Bagni a rischio - quasi - zero in Puglia. A certificarlo sono i dati dell'Arpa, l'Agenzia regionale per la protezione dell'ambiente, che come ogni anno da inizio estate misura i livelli di alga tossica sulle coste della regione. Su 20 diversi punti in cui sono state analizzate le acque marine, infatti, solo due hanno restituito una concertazione scarsa (tra 1 e 1000 cellule su litro) di ostreopsis ovata nei primi 15 giorni di giugno.

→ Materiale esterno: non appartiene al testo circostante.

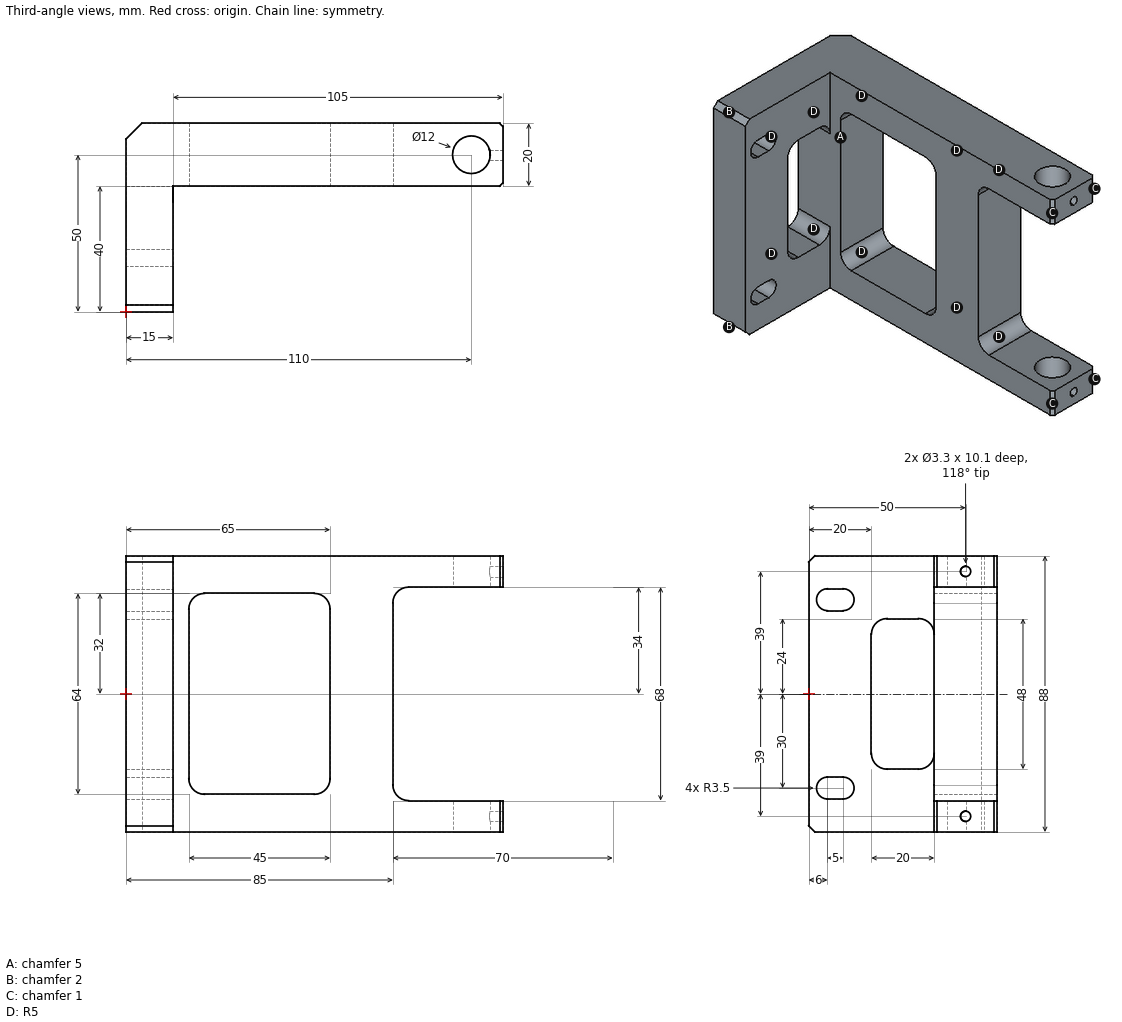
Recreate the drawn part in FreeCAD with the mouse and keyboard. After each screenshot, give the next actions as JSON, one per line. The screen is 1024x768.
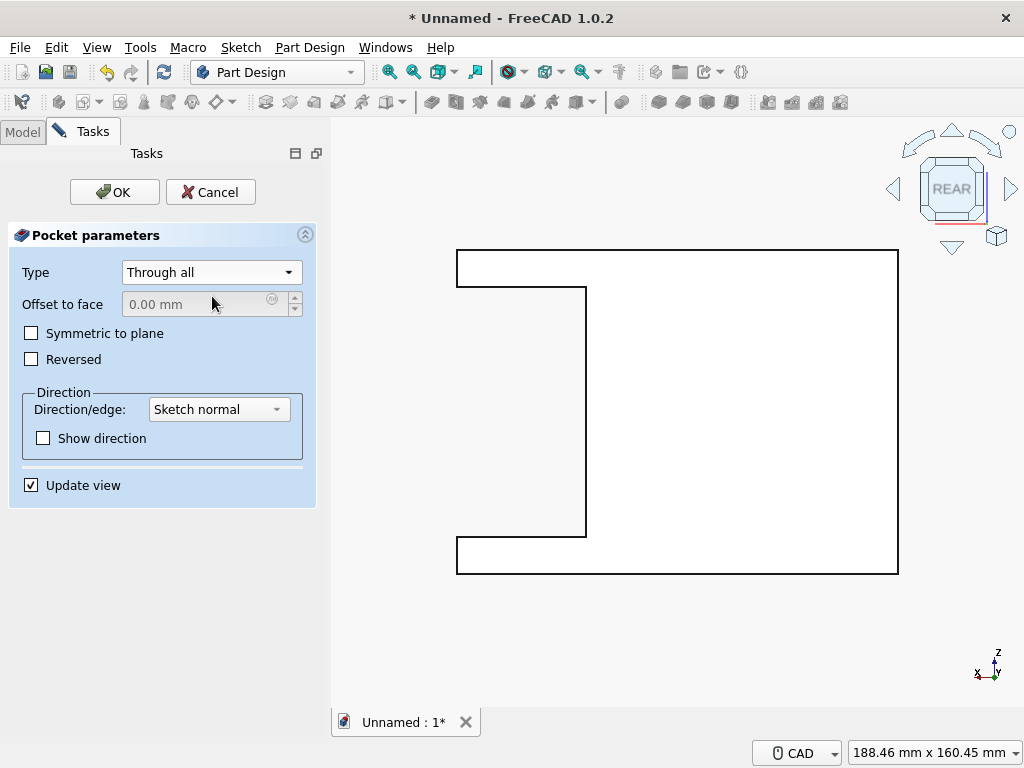
{"action": "left_click", "coordinate": [115, 192]}

Nello specifico si parla di Bisceglie, dove nell'area 500 metri a sud della fogna cittadina sono state rinvenute 240 cellule/litro di alga tossica, e della costa sud barese, in particolare nella zona del Lido Trullo (120 cellule/litro) durante i campionamenti avvenuti il 3 giugno. Dalla provincia di Foggia - comprensiva dell'isola di San Domino nell'arcipelago delle Tremiti - fino alla punta del Salento, invece, la concentrazione di alga tossica è assente.
Una buona notizia per i bagnanti, visto che l'ostreopsis ovata anche se semplicemente inalata nelle aree costiere può provocare problemi dermatologici e disturbi respiratori, talvolta accompagnati da febbre, nausea e vomito.